• [About this exercise]
From the first line of the entries below through the line bearing "Your response must be concise. 2.15e+09.", write out each line exactly. Omit pictures.

Top of Supplied information

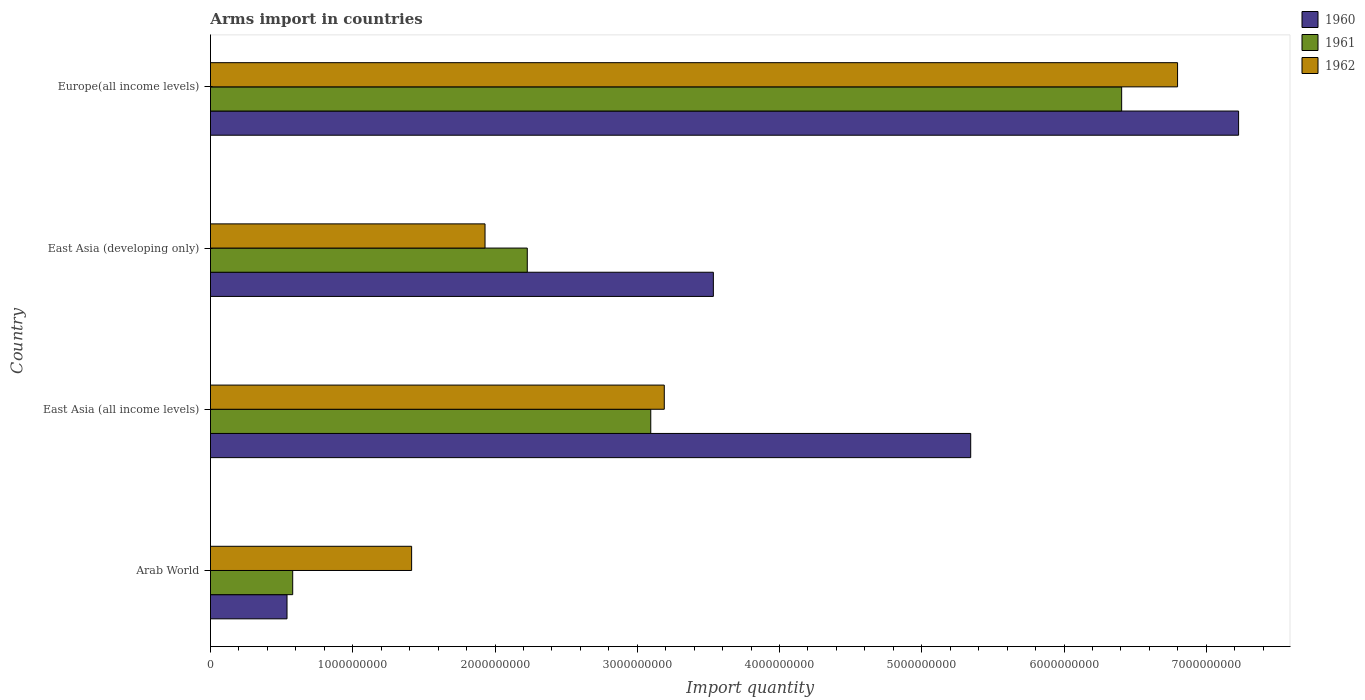How many groups of bars are there?
Offer a very short reply. 4. Are the number of bars per tick equal to the number of legend labels?
Offer a terse response. Yes. How many bars are there on the 2nd tick from the bottom?
Offer a terse response. 3. What is the label of the 1st group of bars from the top?
Offer a very short reply. Europe(all income levels). In how many cases, is the number of bars for a given country not equal to the number of legend labels?
Offer a terse response. 0. What is the total arms import in 1961 in Arab World?
Ensure brevity in your answer.  5.78e+08. Across all countries, what is the maximum total arms import in 1961?
Your response must be concise. 6.40e+09. Across all countries, what is the minimum total arms import in 1960?
Provide a succinct answer. 5.38e+08. In which country was the total arms import in 1962 maximum?
Keep it short and to the point. Europe(all income levels). In which country was the total arms import in 1962 minimum?
Keep it short and to the point. Arab World. What is the total total arms import in 1960 in the graph?
Make the answer very short. 1.66e+1. What is the difference between the total arms import in 1960 in Arab World and that in East Asia (all income levels)?
Offer a very short reply. -4.81e+09. What is the difference between the total arms import in 1960 in East Asia (all income levels) and the total arms import in 1962 in Arab World?
Offer a very short reply. 3.93e+09. What is the average total arms import in 1962 per country?
Make the answer very short. 3.33e+09. What is the difference between the total arms import in 1960 and total arms import in 1962 in East Asia (all income levels)?
Your response must be concise. 2.15e+09. In how many countries, is the total arms import in 1961 greater than 2400000000 ?
Your response must be concise. 2. What is the ratio of the total arms import in 1962 in Arab World to that in East Asia (developing only)?
Provide a succinct answer. 0.73. Is the total arms import in 1962 in Arab World less than that in East Asia (developing only)?
Make the answer very short. Yes. What is the difference between the highest and the second highest total arms import in 1962?
Offer a very short reply. 3.61e+09. What is the difference between the highest and the lowest total arms import in 1962?
Your response must be concise. 5.38e+09. In how many countries, is the total arms import in 1962 greater than the average total arms import in 1962 taken over all countries?
Provide a succinct answer. 1. Is the sum of the total arms import in 1962 in East Asia (developing only) and Europe(all income levels) greater than the maximum total arms import in 1961 across all countries?
Provide a short and direct response. Yes. What does the 2nd bar from the top in Arab World represents?
Keep it short and to the point. 1961. What does the 1st bar from the bottom in Arab World represents?
Ensure brevity in your answer.  1960. Is it the case that in every country, the sum of the total arms import in 1961 and total arms import in 1960 is greater than the total arms import in 1962?
Give a very brief answer. No. Are all the bars in the graph horizontal?
Provide a succinct answer. Yes. What is the difference between two consecutive major ticks on the X-axis?
Offer a terse response. 1.00e+09. Are the values on the major ticks of X-axis written in scientific E-notation?
Your answer should be compact. No. Does the graph contain any zero values?
Make the answer very short. No. What is the title of the graph?
Give a very brief answer. Arms import in countries. Does "2000" appear as one of the legend labels in the graph?
Make the answer very short. No. What is the label or title of the X-axis?
Make the answer very short. Import quantity. What is the Import quantity in 1960 in Arab World?
Keep it short and to the point. 5.38e+08. What is the Import quantity in 1961 in Arab World?
Provide a succinct answer. 5.78e+08. What is the Import quantity of 1962 in Arab World?
Make the answer very short. 1.41e+09. What is the Import quantity in 1960 in East Asia (all income levels)?
Your answer should be very brief. 5.34e+09. What is the Import quantity of 1961 in East Asia (all income levels)?
Provide a succinct answer. 3.10e+09. What is the Import quantity of 1962 in East Asia (all income levels)?
Ensure brevity in your answer.  3.19e+09. What is the Import quantity in 1960 in East Asia (developing only)?
Your response must be concise. 3.54e+09. What is the Import quantity of 1961 in East Asia (developing only)?
Make the answer very short. 2.23e+09. What is the Import quantity of 1962 in East Asia (developing only)?
Offer a terse response. 1.93e+09. What is the Import quantity in 1960 in Europe(all income levels)?
Ensure brevity in your answer.  7.23e+09. What is the Import quantity in 1961 in Europe(all income levels)?
Give a very brief answer. 6.40e+09. What is the Import quantity in 1962 in Europe(all income levels)?
Give a very brief answer. 6.80e+09. Across all countries, what is the maximum Import quantity of 1960?
Keep it short and to the point. 7.23e+09. Across all countries, what is the maximum Import quantity of 1961?
Your answer should be very brief. 6.40e+09. Across all countries, what is the maximum Import quantity in 1962?
Provide a short and direct response. 6.80e+09. Across all countries, what is the minimum Import quantity in 1960?
Offer a terse response. 5.38e+08. Across all countries, what is the minimum Import quantity in 1961?
Offer a terse response. 5.78e+08. Across all countries, what is the minimum Import quantity in 1962?
Make the answer very short. 1.41e+09. What is the total Import quantity of 1960 in the graph?
Offer a terse response. 1.66e+1. What is the total Import quantity of 1961 in the graph?
Ensure brevity in your answer.  1.23e+1. What is the total Import quantity of 1962 in the graph?
Ensure brevity in your answer.  1.33e+1. What is the difference between the Import quantity in 1960 in Arab World and that in East Asia (all income levels)?
Your response must be concise. -4.81e+09. What is the difference between the Import quantity of 1961 in Arab World and that in East Asia (all income levels)?
Give a very brief answer. -2.52e+09. What is the difference between the Import quantity of 1962 in Arab World and that in East Asia (all income levels)?
Provide a short and direct response. -1.78e+09. What is the difference between the Import quantity of 1960 in Arab World and that in East Asia (developing only)?
Your response must be concise. -3.00e+09. What is the difference between the Import quantity of 1961 in Arab World and that in East Asia (developing only)?
Keep it short and to the point. -1.65e+09. What is the difference between the Import quantity in 1962 in Arab World and that in East Asia (developing only)?
Ensure brevity in your answer.  -5.16e+08. What is the difference between the Import quantity of 1960 in Arab World and that in Europe(all income levels)?
Give a very brief answer. -6.69e+09. What is the difference between the Import quantity in 1961 in Arab World and that in Europe(all income levels)?
Your response must be concise. -5.83e+09. What is the difference between the Import quantity in 1962 in Arab World and that in Europe(all income levels)?
Your answer should be very brief. -5.38e+09. What is the difference between the Import quantity of 1960 in East Asia (all income levels) and that in East Asia (developing only)?
Provide a short and direct response. 1.81e+09. What is the difference between the Import quantity in 1961 in East Asia (all income levels) and that in East Asia (developing only)?
Provide a succinct answer. 8.68e+08. What is the difference between the Import quantity in 1962 in East Asia (all income levels) and that in East Asia (developing only)?
Offer a terse response. 1.26e+09. What is the difference between the Import quantity of 1960 in East Asia (all income levels) and that in Europe(all income levels)?
Provide a short and direct response. -1.88e+09. What is the difference between the Import quantity of 1961 in East Asia (all income levels) and that in Europe(all income levels)?
Give a very brief answer. -3.31e+09. What is the difference between the Import quantity in 1962 in East Asia (all income levels) and that in Europe(all income levels)?
Offer a terse response. -3.61e+09. What is the difference between the Import quantity in 1960 in East Asia (developing only) and that in Europe(all income levels)?
Make the answer very short. -3.69e+09. What is the difference between the Import quantity in 1961 in East Asia (developing only) and that in Europe(all income levels)?
Ensure brevity in your answer.  -4.18e+09. What is the difference between the Import quantity of 1962 in East Asia (developing only) and that in Europe(all income levels)?
Provide a succinct answer. -4.87e+09. What is the difference between the Import quantity of 1960 in Arab World and the Import quantity of 1961 in East Asia (all income levels)?
Give a very brief answer. -2.56e+09. What is the difference between the Import quantity of 1960 in Arab World and the Import quantity of 1962 in East Asia (all income levels)?
Make the answer very short. -2.65e+09. What is the difference between the Import quantity of 1961 in Arab World and the Import quantity of 1962 in East Asia (all income levels)?
Make the answer very short. -2.61e+09. What is the difference between the Import quantity of 1960 in Arab World and the Import quantity of 1961 in East Asia (developing only)?
Provide a short and direct response. -1.69e+09. What is the difference between the Import quantity of 1960 in Arab World and the Import quantity of 1962 in East Asia (developing only)?
Your answer should be very brief. -1.39e+09. What is the difference between the Import quantity in 1961 in Arab World and the Import quantity in 1962 in East Asia (developing only)?
Ensure brevity in your answer.  -1.35e+09. What is the difference between the Import quantity of 1960 in Arab World and the Import quantity of 1961 in Europe(all income levels)?
Ensure brevity in your answer.  -5.87e+09. What is the difference between the Import quantity of 1960 in Arab World and the Import quantity of 1962 in Europe(all income levels)?
Ensure brevity in your answer.  -6.26e+09. What is the difference between the Import quantity of 1961 in Arab World and the Import quantity of 1962 in Europe(all income levels)?
Give a very brief answer. -6.22e+09. What is the difference between the Import quantity of 1960 in East Asia (all income levels) and the Import quantity of 1961 in East Asia (developing only)?
Provide a short and direct response. 3.12e+09. What is the difference between the Import quantity of 1960 in East Asia (all income levels) and the Import quantity of 1962 in East Asia (developing only)?
Your response must be concise. 3.41e+09. What is the difference between the Import quantity in 1961 in East Asia (all income levels) and the Import quantity in 1962 in East Asia (developing only)?
Keep it short and to the point. 1.16e+09. What is the difference between the Import quantity of 1960 in East Asia (all income levels) and the Import quantity of 1961 in Europe(all income levels)?
Your answer should be compact. -1.06e+09. What is the difference between the Import quantity in 1960 in East Asia (all income levels) and the Import quantity in 1962 in Europe(all income levels)?
Make the answer very short. -1.45e+09. What is the difference between the Import quantity in 1961 in East Asia (all income levels) and the Import quantity in 1962 in Europe(all income levels)?
Make the answer very short. -3.70e+09. What is the difference between the Import quantity in 1960 in East Asia (developing only) and the Import quantity in 1961 in Europe(all income levels)?
Your response must be concise. -2.87e+09. What is the difference between the Import quantity of 1960 in East Asia (developing only) and the Import quantity of 1962 in Europe(all income levels)?
Give a very brief answer. -3.26e+09. What is the difference between the Import quantity of 1961 in East Asia (developing only) and the Import quantity of 1962 in Europe(all income levels)?
Make the answer very short. -4.57e+09. What is the average Import quantity of 1960 per country?
Keep it short and to the point. 4.16e+09. What is the average Import quantity of 1961 per country?
Provide a succinct answer. 3.08e+09. What is the average Import quantity in 1962 per country?
Provide a short and direct response. 3.33e+09. What is the difference between the Import quantity in 1960 and Import quantity in 1961 in Arab World?
Give a very brief answer. -4.00e+07. What is the difference between the Import quantity of 1960 and Import quantity of 1962 in Arab World?
Make the answer very short. -8.76e+08. What is the difference between the Import quantity of 1961 and Import quantity of 1962 in Arab World?
Provide a short and direct response. -8.36e+08. What is the difference between the Import quantity of 1960 and Import quantity of 1961 in East Asia (all income levels)?
Provide a succinct answer. 2.25e+09. What is the difference between the Import quantity in 1960 and Import quantity in 1962 in East Asia (all income levels)?
Ensure brevity in your answer.  2.15e+09. What is the difference between the Import quantity in 1961 and Import quantity in 1962 in East Asia (all income levels)?
Provide a succinct answer. -9.50e+07. What is the difference between the Import quantity in 1960 and Import quantity in 1961 in East Asia (developing only)?
Keep it short and to the point. 1.31e+09. What is the difference between the Import quantity of 1960 and Import quantity of 1962 in East Asia (developing only)?
Provide a succinct answer. 1.60e+09. What is the difference between the Import quantity of 1961 and Import quantity of 1962 in East Asia (developing only)?
Your answer should be compact. 2.97e+08. What is the difference between the Import quantity in 1960 and Import quantity in 1961 in Europe(all income levels)?
Offer a terse response. 8.22e+08. What is the difference between the Import quantity of 1960 and Import quantity of 1962 in Europe(all income levels)?
Your response must be concise. 4.29e+08. What is the difference between the Import quantity of 1961 and Import quantity of 1962 in Europe(all income levels)?
Give a very brief answer. -3.93e+08. What is the ratio of the Import quantity in 1960 in Arab World to that in East Asia (all income levels)?
Give a very brief answer. 0.1. What is the ratio of the Import quantity of 1961 in Arab World to that in East Asia (all income levels)?
Provide a short and direct response. 0.19. What is the ratio of the Import quantity of 1962 in Arab World to that in East Asia (all income levels)?
Provide a succinct answer. 0.44. What is the ratio of the Import quantity in 1960 in Arab World to that in East Asia (developing only)?
Your answer should be very brief. 0.15. What is the ratio of the Import quantity of 1961 in Arab World to that in East Asia (developing only)?
Offer a very short reply. 0.26. What is the ratio of the Import quantity of 1962 in Arab World to that in East Asia (developing only)?
Offer a terse response. 0.73. What is the ratio of the Import quantity in 1960 in Arab World to that in Europe(all income levels)?
Make the answer very short. 0.07. What is the ratio of the Import quantity in 1961 in Arab World to that in Europe(all income levels)?
Provide a short and direct response. 0.09. What is the ratio of the Import quantity of 1962 in Arab World to that in Europe(all income levels)?
Your answer should be very brief. 0.21. What is the ratio of the Import quantity in 1960 in East Asia (all income levels) to that in East Asia (developing only)?
Make the answer very short. 1.51. What is the ratio of the Import quantity in 1961 in East Asia (all income levels) to that in East Asia (developing only)?
Give a very brief answer. 1.39. What is the ratio of the Import quantity in 1962 in East Asia (all income levels) to that in East Asia (developing only)?
Your answer should be very brief. 1.65. What is the ratio of the Import quantity of 1960 in East Asia (all income levels) to that in Europe(all income levels)?
Keep it short and to the point. 0.74. What is the ratio of the Import quantity of 1961 in East Asia (all income levels) to that in Europe(all income levels)?
Offer a very short reply. 0.48. What is the ratio of the Import quantity of 1962 in East Asia (all income levels) to that in Europe(all income levels)?
Offer a very short reply. 0.47. What is the ratio of the Import quantity of 1960 in East Asia (developing only) to that in Europe(all income levels)?
Make the answer very short. 0.49. What is the ratio of the Import quantity of 1961 in East Asia (developing only) to that in Europe(all income levels)?
Give a very brief answer. 0.35. What is the ratio of the Import quantity in 1962 in East Asia (developing only) to that in Europe(all income levels)?
Your answer should be very brief. 0.28. What is the difference between the highest and the second highest Import quantity in 1960?
Your answer should be compact. 1.88e+09. What is the difference between the highest and the second highest Import quantity in 1961?
Your answer should be very brief. 3.31e+09. What is the difference between the highest and the second highest Import quantity of 1962?
Make the answer very short. 3.61e+09. What is the difference between the highest and the lowest Import quantity of 1960?
Your answer should be compact. 6.69e+09. What is the difference between the highest and the lowest Import quantity in 1961?
Make the answer very short. 5.83e+09. What is the difference between the highest and the lowest Import quantity in 1962?
Your answer should be compact. 5.38e+09.

Bottom of Supplied information

• [Exercise response]
How many groups of bars are there?
Offer a very short reply. 4. Are the number of bars per tick equal to the number of legend labels?
Offer a terse response. Yes. How many bars are there on the 2nd tick from the bottom?
Offer a terse response. 3. What is the label of the 1st group of bars from the top?
Offer a very short reply. Europe(all income levels). In how many cases, is the number of bars for a given country not equal to the number of legend labels?
Offer a terse response. 0. What is the total arms import in 1961 in Arab World?
Ensure brevity in your answer.  5.78e+08. Across all countries, what is the maximum total arms import in 1961?
Your response must be concise. 6.40e+09. Across all countries, what is the minimum total arms import in 1960?
Provide a succinct answer. 5.38e+08. In which country was the total arms import in 1962 maximum?
Keep it short and to the point. Europe(all income levels). In which country was the total arms import in 1962 minimum?
Keep it short and to the point. Arab World. What is the total total arms import in 1960 in the graph?
Make the answer very short. 1.66e+1. What is the difference between the total arms import in 1960 in Arab World and that in East Asia (all income levels)?
Offer a very short reply. -4.81e+09. What is the difference between the total arms import in 1960 in East Asia (all income levels) and the total arms import in 1962 in Arab World?
Offer a very short reply. 3.93e+09. What is the average total arms import in 1962 per country?
Make the answer very short. 3.33e+09. What is the difference between the total arms import in 1960 and total arms import in 1962 in East Asia (all income levels)?
Your response must be concise. 2.15e+09. In how many countries, is the total arms import in 1961 greater than 2400000000 ?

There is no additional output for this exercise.